Tarih: 01.05.2009 - 00:00 | Güncelleme:

Cevap

Değerli kardeşimiz,

- Kur’an’ın Allah kelamı olduğunu gösteren yüzlerce delil ve belge vardır.

Bu konuda pek çok eserler yazılmıştır. On dört asırdan beri Kur’an’ın “bir tek suresine bile benzer bir surenin getirilemeyeceğine” dair meydan okuması, tarihin hiçbir devrinde karşılık bulamamıştır. Müsleyme-i Kezzap gibi bazı hezeyanlarla Kur’an’a nazire yapmak isteyenler, “yalancı” damgasını yemekten kurtulamamıştır. Şu anda bu konu üzerinde durmak istemiyoruz. Konumuzla ilgili olan Tevrat ve İncil’in Kur’an’la ilişkisi üzerinde durmayı düşünüyoruz. Yani, Hz. Peygamber (a.s.m)’in Kur’an vasıtasıyla Kitab-ı Mukaddes ve ehl-i kitapla olan münasebetlerinden söz edecek ve ilgili bazı örneklere dikkat çekmeye çalışacağız.
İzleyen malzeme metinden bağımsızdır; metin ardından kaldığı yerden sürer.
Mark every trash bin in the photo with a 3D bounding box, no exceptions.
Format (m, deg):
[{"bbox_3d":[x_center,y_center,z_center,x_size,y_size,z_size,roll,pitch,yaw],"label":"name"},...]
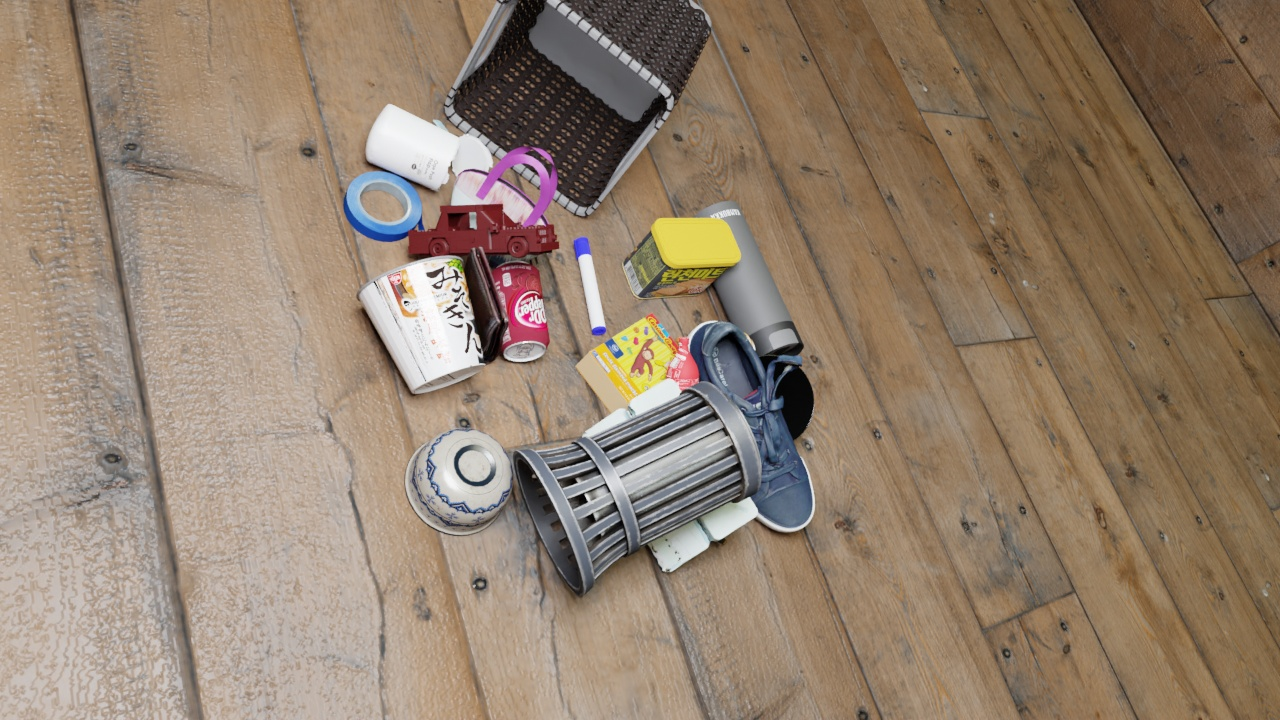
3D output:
[{"bbox_3d":[0.002,0.127,0.989,0.227,0.164,0.164,-23,77,-19],"label":"trash bin"}]

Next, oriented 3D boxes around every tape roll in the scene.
[{"bbox_3d":[-0.313,-0.188,1.117,0.092,0.016,0.091,-3,65,-34],"label":"tape roll"}]

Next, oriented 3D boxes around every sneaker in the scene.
[{"bbox_3d":[0.155,0.082,1.154,0.120,0.127,0.294,-25,93,-13],"label":"sneaker"}]

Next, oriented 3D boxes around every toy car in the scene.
[{"bbox_3d":[-0.185,-0.152,1.078,0.070,0.170,0.062,-31,121,-70],"label":"toy car"}]

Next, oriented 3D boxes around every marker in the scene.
[{"bbox_3d":[-0.068,-0.100,1.223,0.020,0.020,0.141,4,62,-31],"label":"marker"}]

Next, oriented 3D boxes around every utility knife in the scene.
[{"bbox_3d":[-0.225,-0.255,1.219,0.022,0.016,0.168,-31,79,-40],"label":"utility knife"}]

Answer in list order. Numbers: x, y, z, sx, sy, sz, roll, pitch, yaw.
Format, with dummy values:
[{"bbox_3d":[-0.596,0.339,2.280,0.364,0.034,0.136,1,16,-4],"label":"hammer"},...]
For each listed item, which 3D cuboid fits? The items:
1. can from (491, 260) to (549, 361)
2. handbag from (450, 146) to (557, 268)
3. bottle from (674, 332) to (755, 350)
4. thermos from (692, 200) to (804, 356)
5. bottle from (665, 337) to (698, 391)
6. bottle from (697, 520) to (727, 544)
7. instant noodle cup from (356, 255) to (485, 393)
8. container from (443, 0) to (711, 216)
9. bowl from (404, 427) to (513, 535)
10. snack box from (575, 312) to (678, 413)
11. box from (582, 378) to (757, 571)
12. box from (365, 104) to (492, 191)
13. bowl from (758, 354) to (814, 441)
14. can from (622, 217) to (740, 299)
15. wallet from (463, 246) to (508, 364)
[{"bbox_3d":[-0.148,-0.060,1.118,0.063,0.063,0.114,5,61,-31],"label":"can"},{"bbox_3d":[-0.156,-0.195,1.120,0.144,0.170,0.067,37,49,-9],"label":"handbag"},{"bbox_3d":[0.099,-0.011,1.251,0.108,0.063,0.063,3,62,-19],"label":"bottle"},{"bbox_3d":[0.151,-0.107,1.327,0.082,0.082,0.240,-9,69,-36],"label":"thermos"},{"bbox_3d":[0.052,0.042,1.159,0.041,0.042,0.141,-3,100,-34],"label":"bottle"},{"bbox_3d":[0.065,0.194,1.131,0.106,0.025,0.025,39,49,-8],"label":"bottle"},{"bbox_3d":[-0.234,-0.035,1.019,0.123,0.124,0.121,-18,83,-39],"label":"instant noodle cup"},{"bbox_3d":[-0.073,-0.402,1.252,0.245,0.248,0.242,36,46,-10],"label":"container"},{"bbox_3d":[-0.188,0.123,0.985,0.115,0.059,0.115,16,56,-25],"label":"bowl"},{"bbox_3d":[-0.007,0.007,1.184,0.125,0.040,0.088,-34,84,-41],"label":"snack box"},{"bbox_3d":[0.035,0.134,1.092,0.136,0.043,0.197,-32,78,-4],"label":"box"},{"bbox_3d":[-0.259,-0.259,1.154,0.161,0.081,0.091,24,32,-19],"label":"box"},{"bbox_3d":[0.168,0.056,1.250,0.124,0.052,0.124,1,85,-14],"label":"bowl"},{"bbox_3d":[0.054,-0.139,1.270,0.130,0.101,0.072,-7,67,-36],"label":"can"},{"bbox_3d":[-0.182,-0.061,1.059,0.031,0.120,0.099,-14,71,-24],"label":"wallet"}]
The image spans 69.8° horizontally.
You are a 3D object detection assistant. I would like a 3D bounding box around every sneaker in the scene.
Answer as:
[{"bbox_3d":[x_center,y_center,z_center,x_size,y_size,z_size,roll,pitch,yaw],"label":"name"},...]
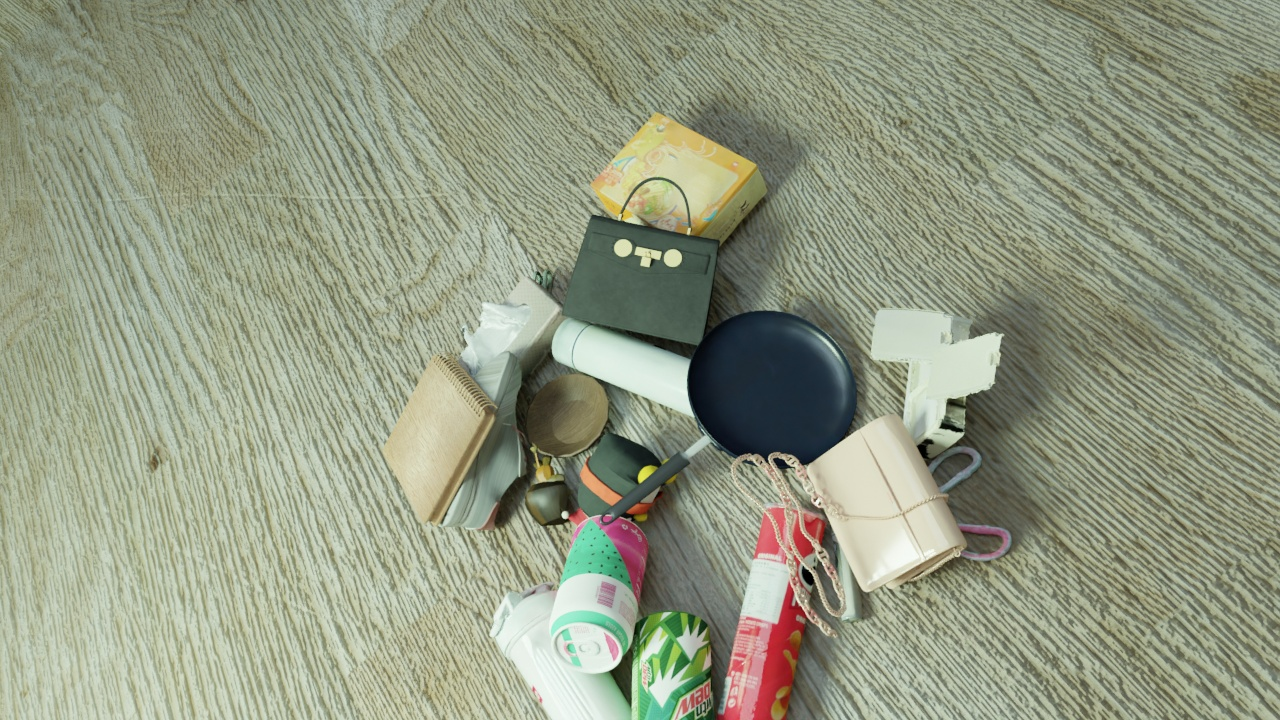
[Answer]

- Okuma-yazması olmadığı, Tevrat ve İncil’i asla okumadığı tarihçe sabit olan Hz. Muhammed (a.s.m)’in, o günkü Ehl-i kitap alimlerine karşı meydan okuduğu, onların kitaplarındaki gerçekleri ört-bas ettiklerini söylediği ve konuşma esnasında onları susturduğu Kur’an, Hadis, Tarih ve Siyer kitaplarında açıkça belirtilmektedir.

Konuyla ilgili birkaç misal:

a. “Tevrat'ın indirilmesinden önce, İsrail'in (Ya'kub'un) kendisine haram kıldıkları dışında, yiyeceğin her türlüsü İsrail oğullarına helâl idi. De ki: Eğer doğru sözlü iseniz o zaman Tevrat'ı getirip onu okuyun. Artık bundan sonra her kim Allah'a karşı yalan uydurursa, işte bunlar, zalimlerin ta kendisidirler.” (Al-i İmran, 3/93-94).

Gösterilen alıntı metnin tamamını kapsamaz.